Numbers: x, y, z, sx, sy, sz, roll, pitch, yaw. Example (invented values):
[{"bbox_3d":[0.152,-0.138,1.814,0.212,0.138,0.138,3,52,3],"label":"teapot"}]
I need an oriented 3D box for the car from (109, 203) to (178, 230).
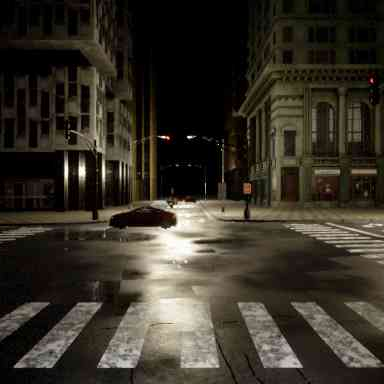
[{"bbox_3d":[-2.949,1.563,20.531,4.181,1.385,1.994,0,0,0],"label":"car"}]

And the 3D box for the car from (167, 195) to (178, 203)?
[{"bbox_3d":[-3.291,1.458,43.506,2.128,1.511,4.902,0,0,0],"label":"car"}]

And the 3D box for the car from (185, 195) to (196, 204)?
[{"bbox_3d":[-0.256,1.451,63.866,1.812,1.442,4.674,0,0,0],"label":"car"}]

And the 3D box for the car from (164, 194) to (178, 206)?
[{"bbox_3d":[-3.361,1.299,53.799,2.097,1.767,4.553,0,0,0],"label":"car"}]

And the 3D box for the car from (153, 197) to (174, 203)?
[{"bbox_3d":[-3.214,1.528,33.590,2.033,1.411,5.357,0,0,0],"label":"car"}]

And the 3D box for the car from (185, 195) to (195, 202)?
[{"bbox_3d":[-0.423,1.453,73.678,1.994,1.385,4.181,0,0,0],"label":"car"}]
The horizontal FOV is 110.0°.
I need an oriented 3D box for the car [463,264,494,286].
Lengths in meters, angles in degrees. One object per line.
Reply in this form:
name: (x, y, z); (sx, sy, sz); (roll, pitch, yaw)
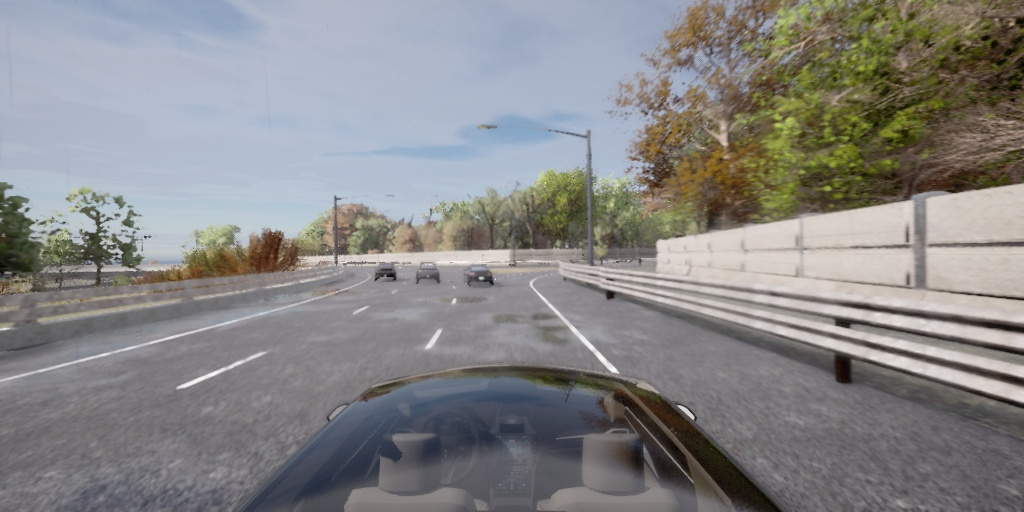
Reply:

○ ○ ○ ○ ○ ○ ○

Only a number is needed here: the count of lines above that hold the string "pitch".

(Answer space)
2